街中は二年までに比べて殺伐とした空気が流れていた。特に酷いのはサドゥーンストリート。閉まってしまった店が多く、ゴーストタウンのような感じになっ てしまっていた。戦後間もないころは一番活気があった場所なのに。イラク人に聞くと、テロは勿論、泥棒や誘拐も多く、お金持ちはみんな店をたたんでし まったそうだ。この近くに二年前再会したマリアムさんが住んでいるが、危険度はかなり高く立ち入らない方がいいとイラク人に言われ、あと少しの場所まで きたものの車を降りることを諦めた。
2006年7月10日 イラク日記番外編
「再開」(2006年7月15日配信)
戦争中に出会った家族に再会できた。 イラク戦争が始まった時、多くのイラク人は大した空爆はないと思っていた。 ところが3月21日、7時間にも及ぶ空爆が行われ、イラク人も今回はヤバイと思い始めた。
僕が泊まっていたフラワーズランドホテルの地下に近所のイラク人が避難してきた。 その時、地下シェルターの中で緊張し、今にも泣きだしそうな女の子がいた。 僕は急いで自分の部屋に戻り、ノートパソコンを持ってきた。 緊張していた女の子に日本の写真と日本の音楽を聴かせてあげた。 女の子は笑顔を見せてくれた。 それ以来、僕は毎日地下シェルターに行くようになった。
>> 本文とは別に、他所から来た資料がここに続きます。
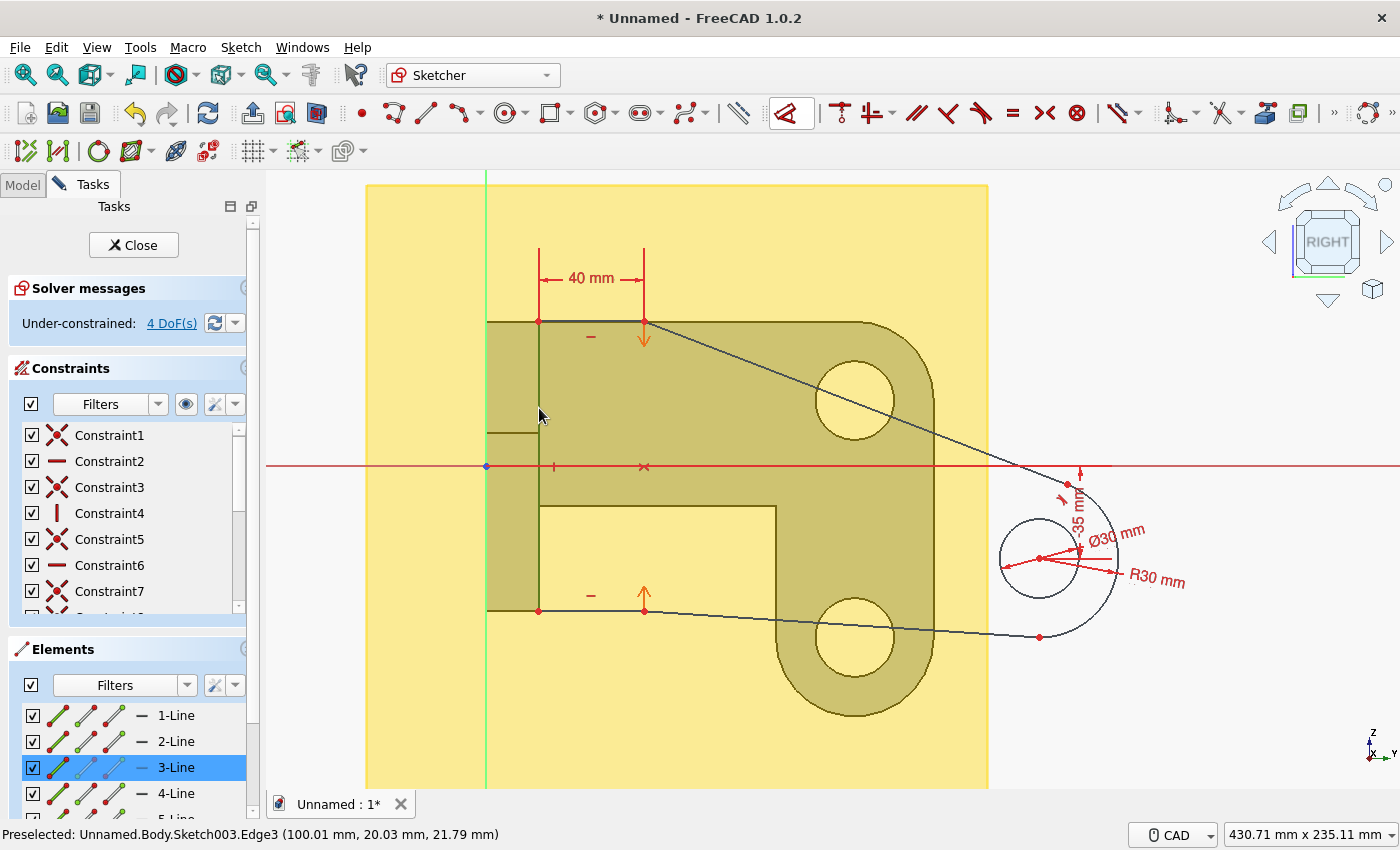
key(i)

2年前にバグダッドを訪れた時、その家族のお父さんがフラワーズランドホテルのスタッフとして 働いていてビックリした。 2年前に再会しているから、今回が三度目。 同じ場所に住んでいる事を祈りつつ、家を訪ねた。 すぐ隣のアパートが大きく破壊されていた。 聞くと、昨年隣のアパートに自動車爆弾が突入し多くの人が亡くなったそうだ。
記憶にある家を訪ねると家族は無事で同じ家に住んでいてくれた。 勿論、みんな僕を覚えていてくれた。 爆発の時大丈夫だったの?と聞くと、我が友人の家族もみんなが怪我をしたそうだ。 幸運にもみんな軽傷だったそうだ。 お母さんが「今のような治安が悪い中わざわざ再会しにきてくれてありがとう」と言ってくれた。
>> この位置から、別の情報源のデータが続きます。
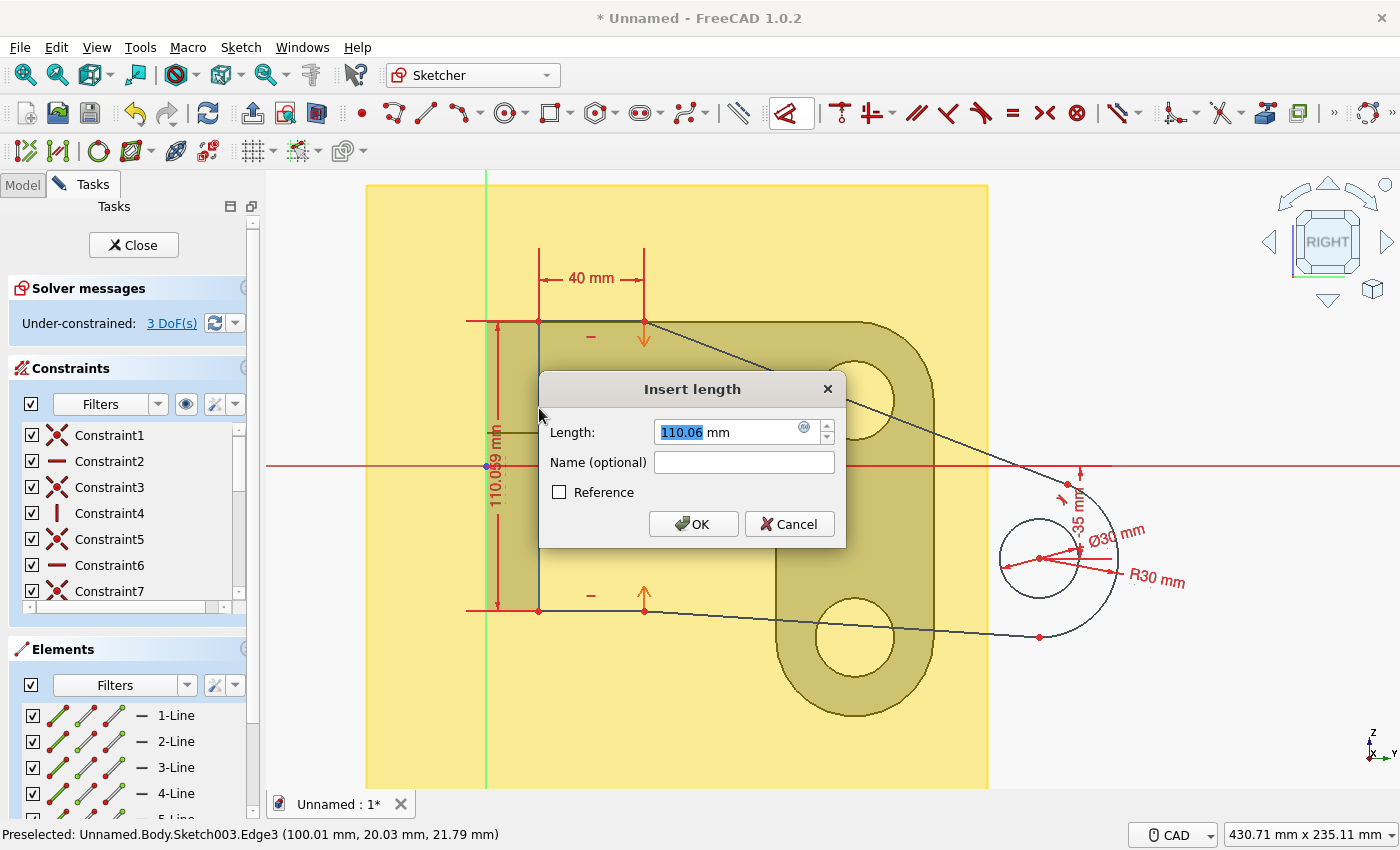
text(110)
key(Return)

小学生だった一番下の娘は13歳になっていた。前回、会ったとき、戦争の後遺症で学校に行けな くなってしまった と言っていた。今はどうですか?とお母さんに聞くと、お姉ちゃんは学校にいっているけど、下の子は今も学校に行けないままなんですよ。と教えてくれた。戦争の後遺症が癒えるかどうかという 時に隣のアパートが爆破され、彼女自身も怪我をしてしまった。彼女の心から戦争の記憶が消える ことなどありえないのかもしれない。
上のお姉ちゃんは年頃(16歳)なので僕と軽く握手しただけだったが、妹は両方のホッペに チューしてくれた。 彼女は勿論、英語なんて話せないが戦争中、一緒にいた日本人が来てくれたことをとても嬉しく 思っているのが伝わってきた。 地下シェルターの時と同じように僕に心をひらいてくれるのが嬉しかった。
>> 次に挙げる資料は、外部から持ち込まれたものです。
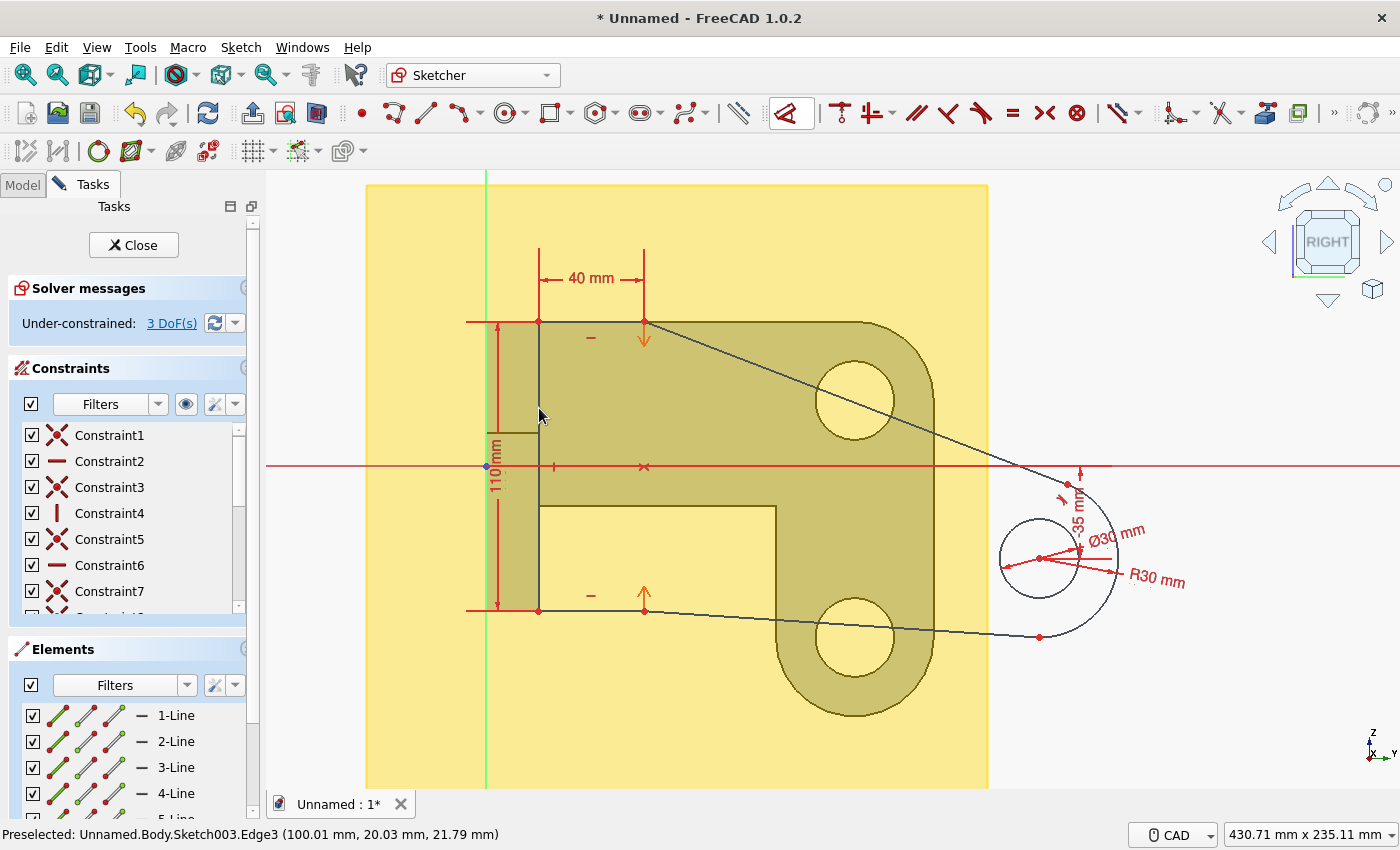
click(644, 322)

しかし、いつになったらこの家族に平和が訪れるのだろう。 おかあさんはいつも笑顔。「神様がなんとかしてくれますよ」と言う。 「前回、あなたが来てくれたあと、治安が良くなったから今回あなたが来てくれて、また治安が良 くなると思うわ!」 僕には何もできない。こんな大変な状況がイラクで続いていることを知ってもらうことしか。涙!